§ **PROBLEM TO WORK ON**:
Only the lines from the one bearing "of CIP<fcel>Total assets<fcel>Total" through the end of the entries should be output, exactly as they stand, and pictures should be skipped.

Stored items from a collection
———

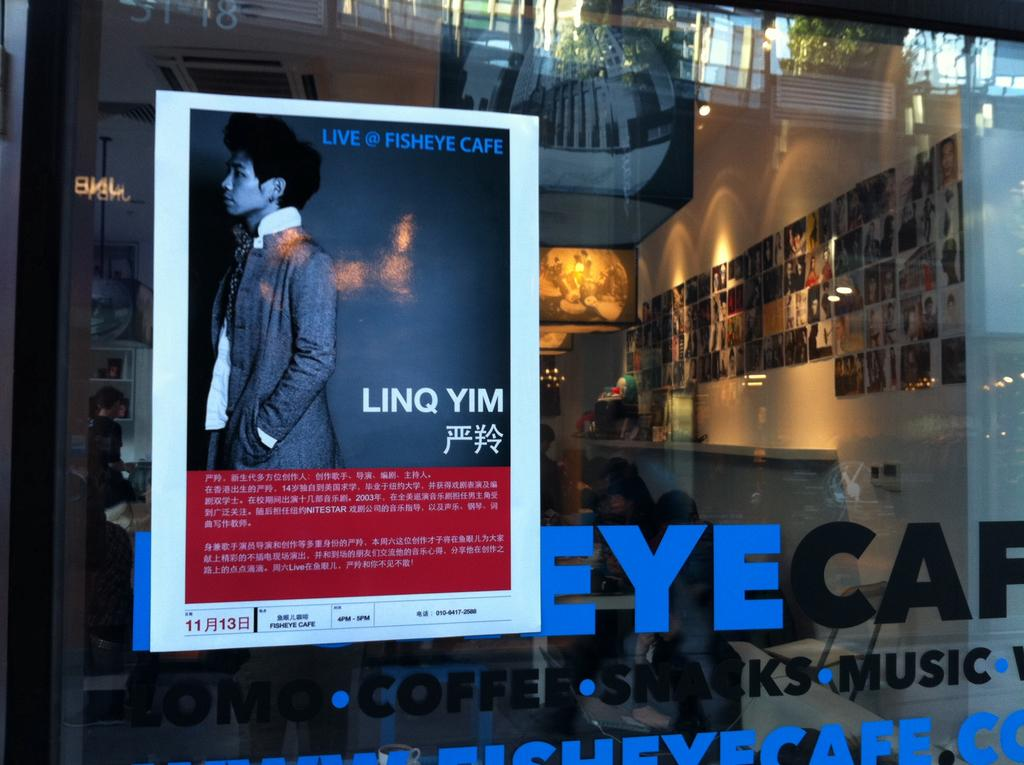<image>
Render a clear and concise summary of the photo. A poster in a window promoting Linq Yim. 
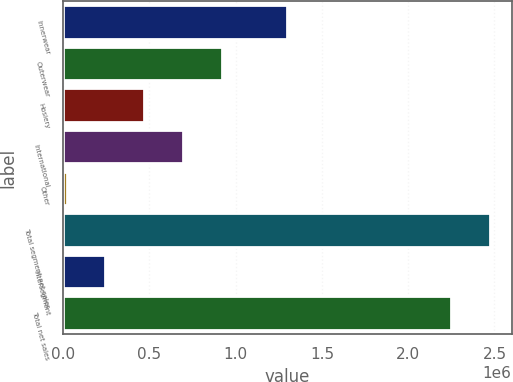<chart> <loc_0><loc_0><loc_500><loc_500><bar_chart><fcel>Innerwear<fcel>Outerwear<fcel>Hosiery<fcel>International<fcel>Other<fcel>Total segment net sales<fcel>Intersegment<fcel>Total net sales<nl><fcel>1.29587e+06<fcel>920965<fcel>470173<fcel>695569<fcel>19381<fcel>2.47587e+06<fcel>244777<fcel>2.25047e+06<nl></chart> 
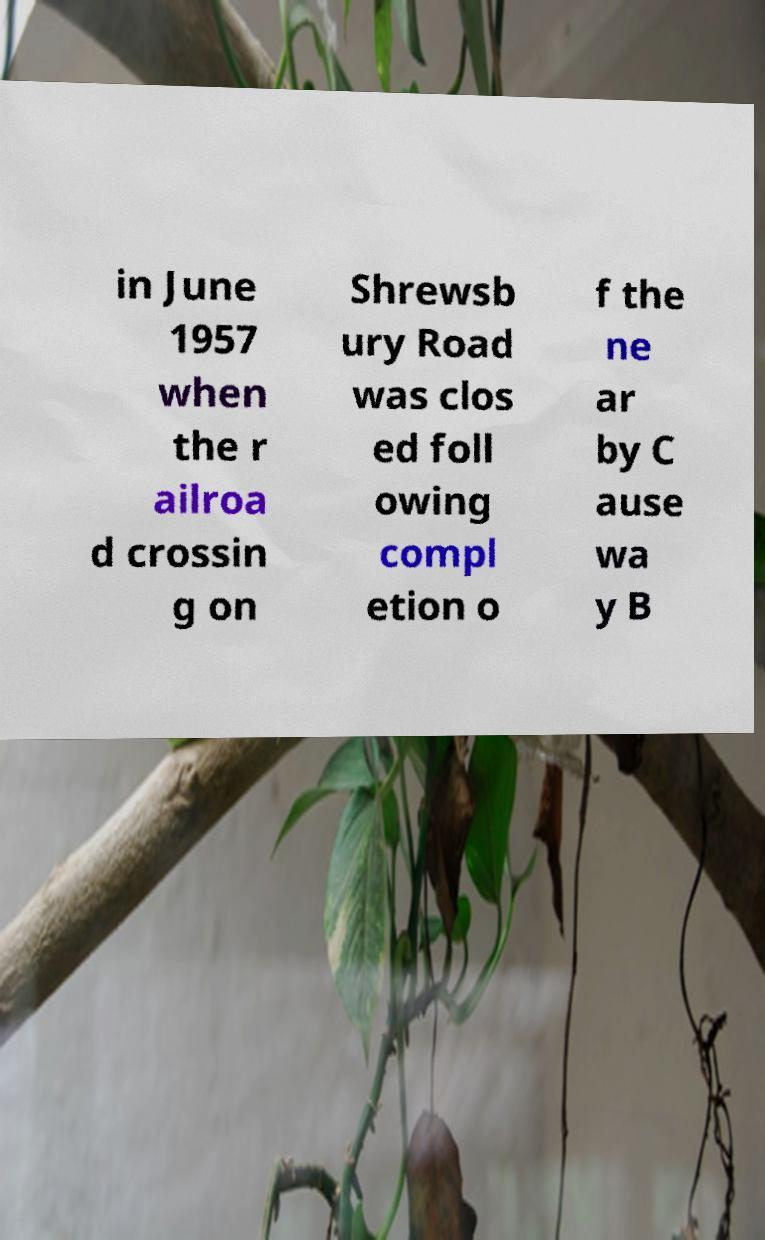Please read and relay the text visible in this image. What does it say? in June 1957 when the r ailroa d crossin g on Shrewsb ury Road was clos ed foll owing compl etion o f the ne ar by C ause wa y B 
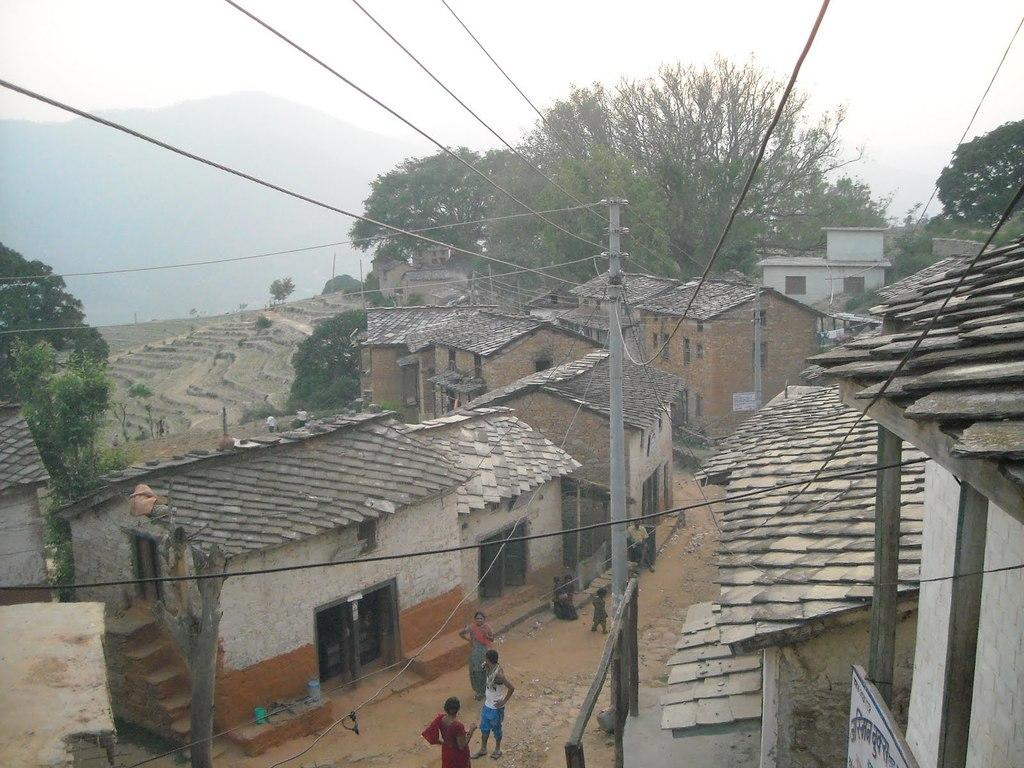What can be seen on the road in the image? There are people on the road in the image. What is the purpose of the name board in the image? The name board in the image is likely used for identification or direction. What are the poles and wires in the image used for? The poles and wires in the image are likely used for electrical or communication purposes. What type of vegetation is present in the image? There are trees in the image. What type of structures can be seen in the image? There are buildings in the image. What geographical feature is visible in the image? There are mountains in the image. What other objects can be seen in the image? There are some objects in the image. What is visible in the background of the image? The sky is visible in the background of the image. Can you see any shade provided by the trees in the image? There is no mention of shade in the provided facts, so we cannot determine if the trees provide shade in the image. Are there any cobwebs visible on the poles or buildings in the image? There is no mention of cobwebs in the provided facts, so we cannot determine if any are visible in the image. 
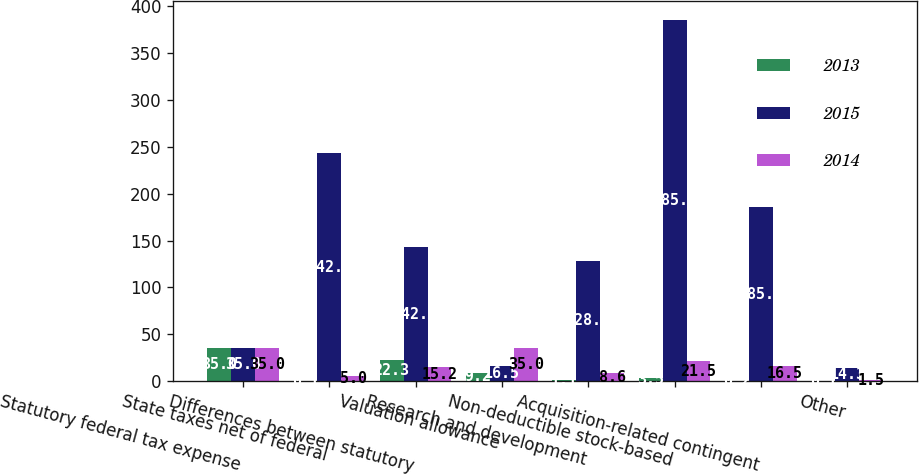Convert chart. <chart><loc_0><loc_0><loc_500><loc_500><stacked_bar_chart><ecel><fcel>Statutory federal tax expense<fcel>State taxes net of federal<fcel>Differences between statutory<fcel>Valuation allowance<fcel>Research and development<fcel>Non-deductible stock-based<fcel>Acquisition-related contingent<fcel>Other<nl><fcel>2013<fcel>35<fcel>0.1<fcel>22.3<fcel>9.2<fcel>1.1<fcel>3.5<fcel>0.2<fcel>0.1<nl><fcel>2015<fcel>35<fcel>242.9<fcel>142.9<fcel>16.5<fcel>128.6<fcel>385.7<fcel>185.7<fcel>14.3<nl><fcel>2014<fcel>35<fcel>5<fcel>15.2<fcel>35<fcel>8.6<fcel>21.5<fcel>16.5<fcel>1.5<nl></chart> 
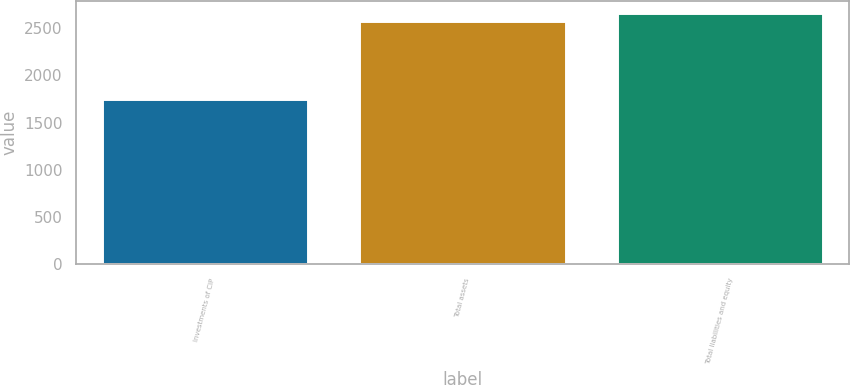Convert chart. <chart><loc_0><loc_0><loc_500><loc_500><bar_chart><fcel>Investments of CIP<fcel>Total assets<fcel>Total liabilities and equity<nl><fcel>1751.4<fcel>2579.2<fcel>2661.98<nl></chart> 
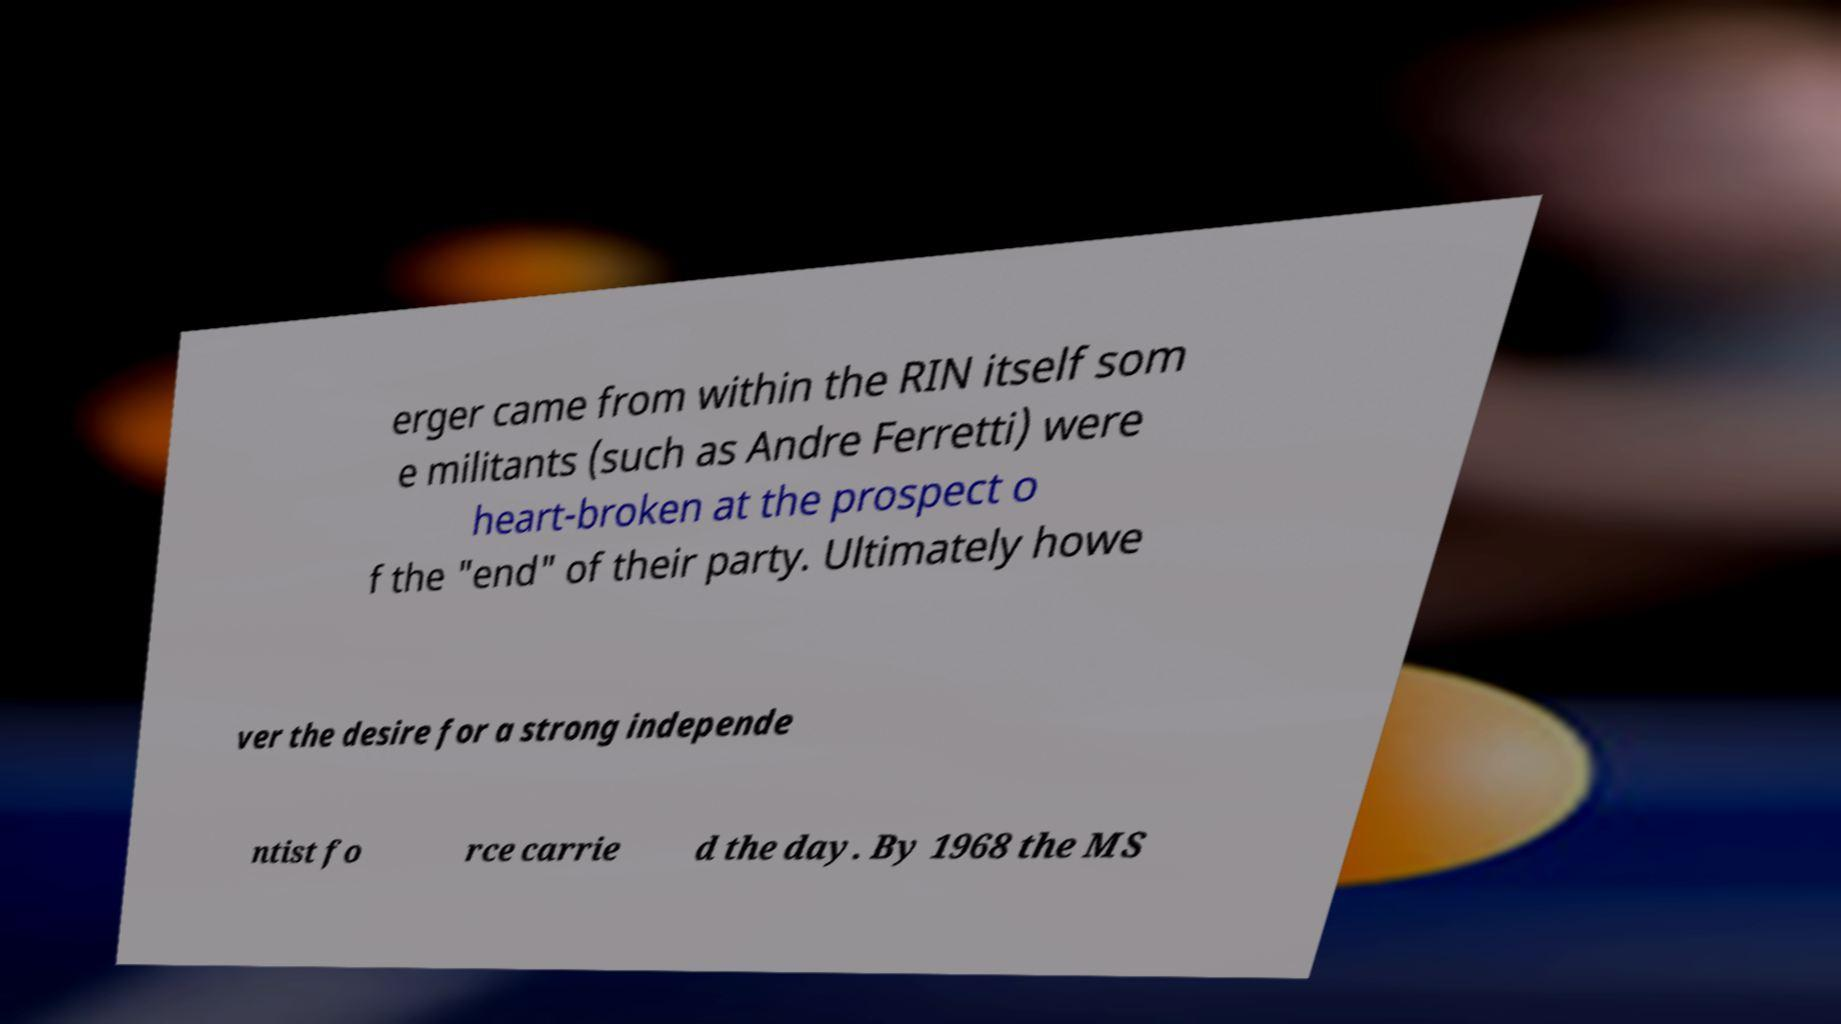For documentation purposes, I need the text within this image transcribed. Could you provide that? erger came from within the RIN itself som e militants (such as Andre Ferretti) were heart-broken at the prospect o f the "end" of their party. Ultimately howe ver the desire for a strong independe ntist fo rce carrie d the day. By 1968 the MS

———

§ **SOLUTION TO THIS PROBLEM**:
Convert chart. <chart><loc_0><loc_0><loc_500><loc_500><bar_chart><fcel>Investments of CIP<fcel>Total assets<fcel>Total liabilities and equity<nl><fcel>1751.4<fcel>2579.2<fcel>2661.98<nl></chart> 
For documentation purposes, I need the text within this image transcribed. Could you provide that? erger came from within the RIN itself som e militants (such as Andre Ferretti) were heart-broken at the prospect o f the "end" of their party. Ultimately howe ver the desire for a strong independe ntist fo rce carrie d the day. By 1968 the MS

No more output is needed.